Former CIA Director George J. Tenet yesterday called for new security measures to guard against attacks on the United States that use the Internet, which he called "a potential Achilles' heel."I agree with George about our Internent vulnerability. I disagree that we need more "governance and control" to solve the problem.
"I know that these actions will be controversial in this age when we still think the Internet is a free and open society with no control or accountability," he told an information-technology security conference in Washington, "but ultimately the Wild West must give way to governance and control."
The way the Internet was built might be part of the problem, he said. Its open architecture allows Web surfing, but that openness makes the system vulnerable, Mr. Tenet said.What George is saying is that the Inherent Design of the internet is not compatible with infrastructure security. Duh.
Access to networks like the World Wide Web might need to be limited to those who can show they take security seriously, he said.
What we actually need is less stupidity.
What we need to do is to provide more security for our networked systems. The Internent is not the answer to infrastructure control problems. It is inherently insecure. As a controls engineer I have been arguing this point for at least five years. Well before 9/11.
Wiring up a factory to use the Internet Protocol (IP) for in factory and inter factory control is a stupid idea. Since the IP is well understood using it to destroy a facility would be rather easy. Nothing new to learn except the control settings of the individual factory or company.

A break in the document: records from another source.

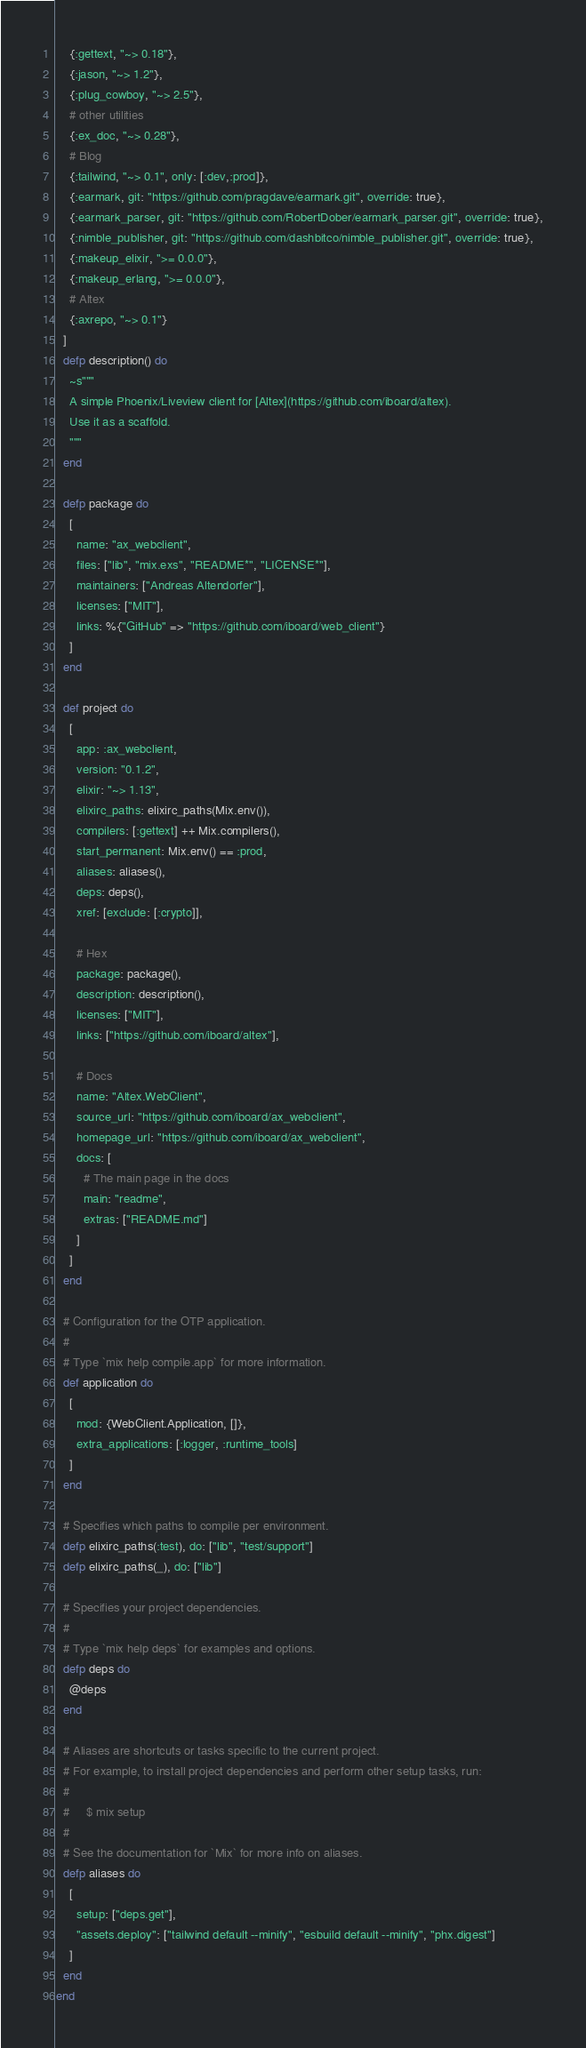Convert code to text. <code><loc_0><loc_0><loc_500><loc_500><_Elixir_>    {:gettext, "~> 0.18"},
    {:jason, "~> 1.2"},
    {:plug_cowboy, "~> 2.5"},
    # other utilities
    {:ex_doc, "~> 0.28"},
    # Blog
    {:tailwind, "~> 0.1", only: [:dev,:prod]},
    {:earmark, git: "https://github.com/pragdave/earmark.git", override: true},
    {:earmark_parser, git: "https://github.com/RobertDober/earmark_parser.git", override: true},
    {:nimble_publisher, git: "https://github.com/dashbitco/nimble_publisher.git", override: true},
    {:makeup_elixir, ">= 0.0.0"},
    {:makeup_erlang, ">= 0.0.0"},
    # Altex
    {:axrepo, "~> 0.1"}
  ]
  defp description() do
    ~s"""
    A simple Phoenix/Liveview client for [Altex](https://github.com/iboard/altex).
    Use it as a scaffold.
    """
  end

  defp package do
    [
      name: "ax_webclient",
      files: ["lib", "mix.exs", "README*", "LICENSE*"],
      maintainers: ["Andreas Altendorfer"],
      licenses: ["MIT"],
      links: %{"GitHub" => "https://github.com/iboard/web_client"}
    ]
  end

  def project do
    [
      app: :ax_webclient,
      version: "0.1.2",
      elixir: "~> 1.13",
      elixirc_paths: elixirc_paths(Mix.env()),
      compilers: [:gettext] ++ Mix.compilers(),
      start_permanent: Mix.env() == :prod,
      aliases: aliases(),
      deps: deps(),
      xref: [exclude: [:crypto]],

      # Hex
      package: package(),
      description: description(),
      licenses: ["MIT"],
      links: ["https://github.com/iboard/altex"],

      # Docs
      name: "Altex.WebClient",
      source_url: "https://github.com/iboard/ax_webclient",
      homepage_url: "https://github.com/iboard/ax_webclient",
      docs: [
        # The main page in the docs
        main: "readme",
        extras: ["README.md"]
      ]
    ]
  end

  # Configuration for the OTP application.
  #
  # Type `mix help compile.app` for more information.
  def application do
    [
      mod: {WebClient.Application, []},
      extra_applications: [:logger, :runtime_tools]
    ]
  end

  # Specifies which paths to compile per environment.
  defp elixirc_paths(:test), do: ["lib", "test/support"]
  defp elixirc_paths(_), do: ["lib"]

  # Specifies your project dependencies.
  #
  # Type `mix help deps` for examples and options.
  defp deps do
    @deps
  end

  # Aliases are shortcuts or tasks specific to the current project.
  # For example, to install project dependencies and perform other setup tasks, run:
  #
  #     $ mix setup
  #
  # See the documentation for `Mix` for more info on aliases.
  defp aliases do
    [
      setup: ["deps.get"],
      "assets.deploy": ["tailwind default --minify", "esbuild default --minify", "phx.digest"]
    ]
  end
end
</code> 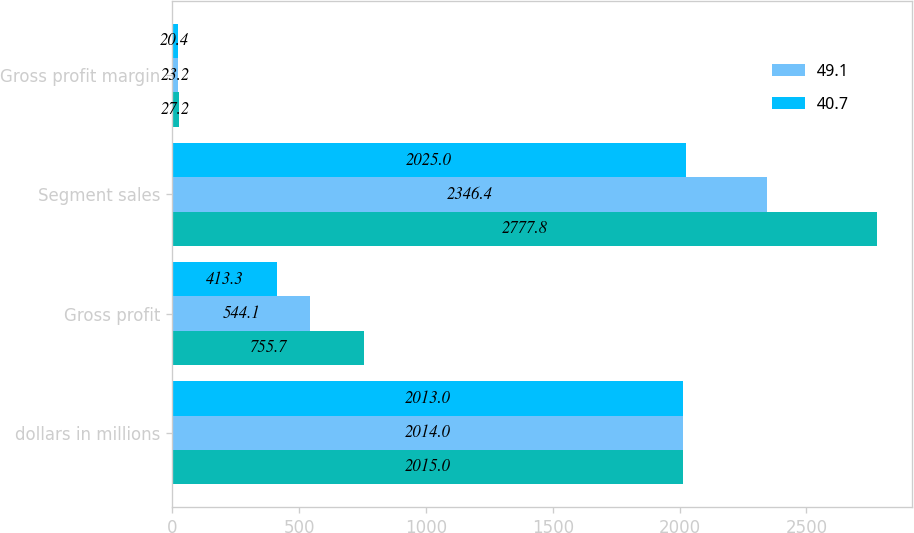Convert chart to OTSL. <chart><loc_0><loc_0><loc_500><loc_500><stacked_bar_chart><ecel><fcel>dollars in millions<fcel>Gross profit<fcel>Segment sales<fcel>Gross profit margin<nl><fcel>nan<fcel>2015<fcel>755.7<fcel>2777.8<fcel>27.2<nl><fcel>49.1<fcel>2014<fcel>544.1<fcel>2346.4<fcel>23.2<nl><fcel>40.7<fcel>2013<fcel>413.3<fcel>2025<fcel>20.4<nl></chart> 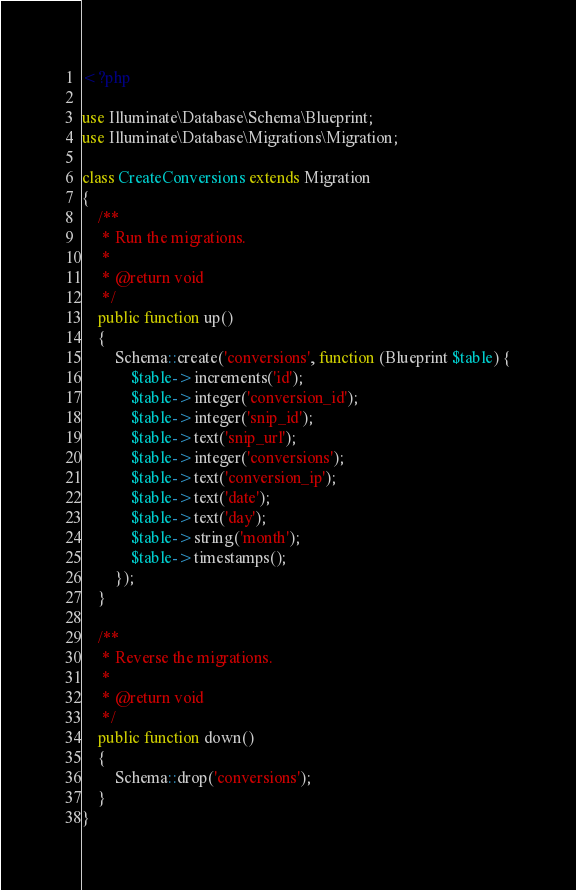<code> <loc_0><loc_0><loc_500><loc_500><_PHP_><?php

use Illuminate\Database\Schema\Blueprint;
use Illuminate\Database\Migrations\Migration;

class CreateConversions extends Migration
{
    /**
     * Run the migrations.
     *
     * @return void
     */
    public function up()
    {
        Schema::create('conversions', function (Blueprint $table) {
            $table->increments('id');
            $table->integer('conversion_id');
            $table->integer('snip_id');
            $table->text('snip_url');
            $table->integer('conversions');
            $table->text('conversion_ip');
            $table->text('date');
            $table->text('day');
            $table->string('month');
            $table->timestamps();
        });
    }

    /**
     * Reverse the migrations.
     *
     * @return void
     */
    public function down()
    {
        Schema::drop('conversions');
    }
}
</code> 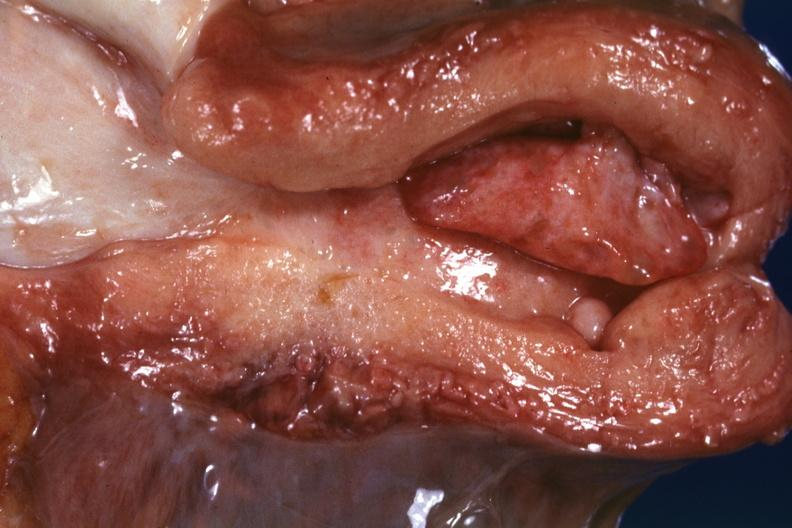where does this part belong to?
Answer the question using a single word or phrase. Female reproductive system 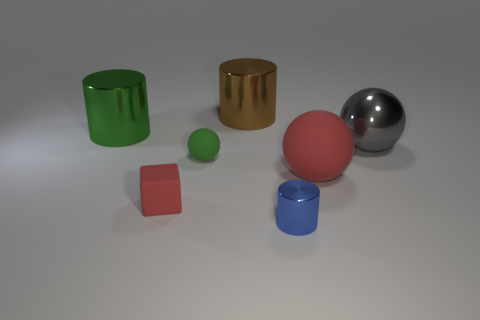What size is the ball that is the same color as the small rubber cube?
Keep it short and to the point. Large. Is the number of big rubber spheres that are left of the large brown metallic thing the same as the number of big rubber spheres that are in front of the blue metal cylinder?
Keep it short and to the point. Yes. There is a green rubber thing; is its size the same as the green object behind the gray sphere?
Offer a very short reply. No. Is the number of spheres that are on the left side of the gray thing greater than the number of blue metallic cylinders?
Your answer should be compact. Yes. What number of blocks are the same size as the green metal object?
Give a very brief answer. 0. There is a thing that is behind the big green thing; is its size the same as the metallic thing to the right of the big rubber object?
Offer a very short reply. Yes. Are there more green cylinders on the right side of the big brown cylinder than big gray shiny balls left of the large gray metallic sphere?
Give a very brief answer. No. How many tiny green objects have the same shape as the blue metal object?
Give a very brief answer. 0. What is the material of the red object that is the same size as the green metal object?
Offer a terse response. Rubber. Is there a big gray thing that has the same material as the tiny blue thing?
Make the answer very short. Yes. 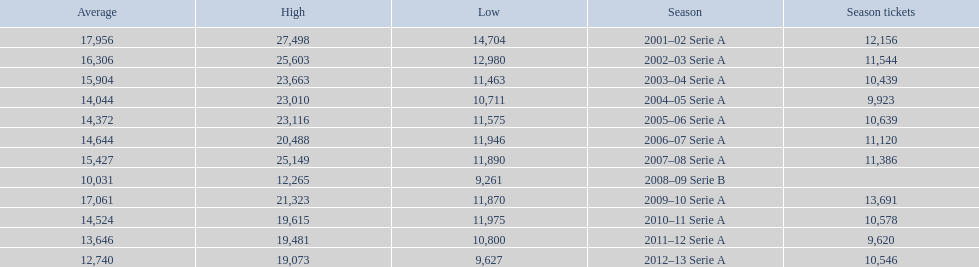What was the average in 2001 17,956.

Worse is controlling a factory with wireless internet. With that kind of setup you don't have any fire wall between your operations and the outside world. In fact you don't even need to know IP or wireless protocols to cause trouble. All you need is a jammer to bring a factory to its knees. And the jammer need not be on continuously. An intermittent jammer could wreak havoc with sensitive factory processes.
Some current and future aircraft designs are using IP as a communications protocol instead of a custom one. Aircraft. Stupid.
My prescription: all factory intercommunication ought to be done with custom protocols done over hard wires or better yet fiber optic cable. Control functions need to be separated from data collection. Fire walls are essential - several levels of fire wall in fact.
This does not need new Internet rules or governance. It just needs an end to stupidity.